Noise reduction filters for digital images and video are known. Several types of noise reduction filters exist. For example, spatial filters are used to remove noise spatially distributed within a given digital image or a given video frame. Simple spatial filtering algorithms may divide images into blocks of pixels and use block averaging to remove noise.
In digital video, temporal filtering is also used to remove noise in video frames. Temporal filtering exploits the high degree of correlation between pixels of successive frames in a video sequence. For example, filtering two or more corresponding pixels from multiple successive frames removes temporal noise.
Simple temporal filtering techniques include frame averaging in which a pixel in a current frame may be replaced by an average value of current and previous pixel values at the pixel location. Other schemes may use variable weights or filter coefficients to control the relative contribution of pixels from the current frame and pixels from previous frames. Weighted averaging of pixels from previous and current frames is also known as alpha-blending. More sophisticated techniques apply decision filters on every pixel position to non-linearly alpha-blend pixels in current and previous frames to improve image resolution.
Known noise reduction filters typically include a feedback loop to obtain pixel values of previous frames or pixel locations, so that they can be averaged, alpha-blended or otherwise combined with current pixels.
Unfortunately, there are drawbacks associated with known temporal reduction filters. While simple temporal noise reduction filters can effectively remove temporal noise, they may also lead to motion and static artifacts.
Motion artifacts are caused by combining or averaging pixels from different objects. When objects are in motion, pixel locations associated with an object in a previous frame, may be associated with another object in the current frame. Combining corresponding locations from a previous frame and a current frame may thus lead to pixels of different objects being blended. As an object moves its position across multiple frames, the blending process may create a ghostly contour that follows the object's motion. This in turn typically results in motion blur or a motion artifact.

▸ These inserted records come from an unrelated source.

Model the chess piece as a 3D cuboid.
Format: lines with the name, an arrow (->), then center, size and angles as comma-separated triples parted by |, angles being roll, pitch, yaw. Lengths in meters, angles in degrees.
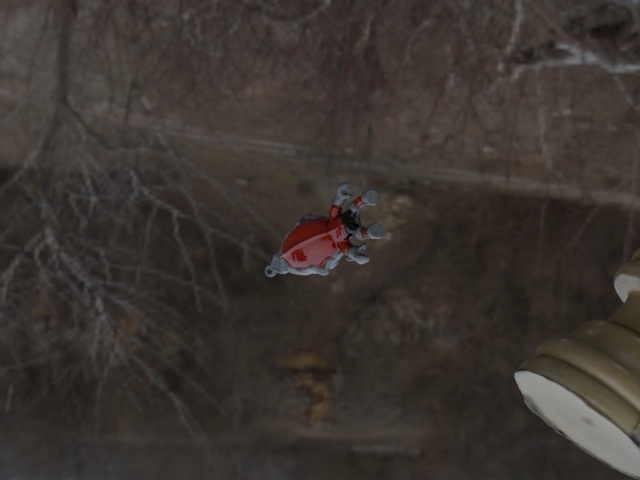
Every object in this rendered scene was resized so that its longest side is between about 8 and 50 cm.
chess piece -> 0.326, 0.057, 1.041 | 0.139, 0.307, 0.124 | 27, 157, 38

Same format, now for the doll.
doll -> 0.001, 0.000, 0.839 | 0.114, 0.057, 0.039 | -29, -175, 36

On the other hand, even when there is no motion, static artifacts can result from combining pixels from two different but relatively static scenes. When a scene change boundary in a video sequence, there is little or no correlation of the first frame from the current scene, with the last frame from the previous scene. Averaging uncorrelated frames typically leads to slow transitions, leading to artifacts that resemble motion blur. In particular, when the new scene contains a large area of dark pixels that remain static for some time, the alpha-blending process could cause a faded image from the previous scene to remain visible for a long period of time, causing a noticeable static artifact. Such static artifacts are particularly noticeable in dark regions of a frame.
Previously known attempts to counter such drawbacks include precluding alpha-blending in dark areas of frames. Other known methods include reducing the noise threshold in the non-linear filtering process. Unfortunately both methods tend to achieve a smaller probability of motion or static artifacts at the expense of reduced effectiveness in noise removal.
Similarly, spatial filters that contain negative coefficients in their convolution kernels can cause overshoot and/or undershoot at edge boundaries, leading to false contours along strong edges commonly known as ringing artifacts. In the past, a typical solution involved choosing filters with a cutoff frequency very close to the Nyquist frequency. However, this approach may not work well with video inputs that contain mixed-in graphics and other overlays. Better scalers are needed to maintain video image sharpness and at the same time preserve high quality graphics and overlays.
Accordingly, there is a need for an effective protection filter for use with digital images and video, to reduce static and motion artifacts that may result from: temporal alpha-blending of pixels, convolution kernels with negative coefficients, and the like.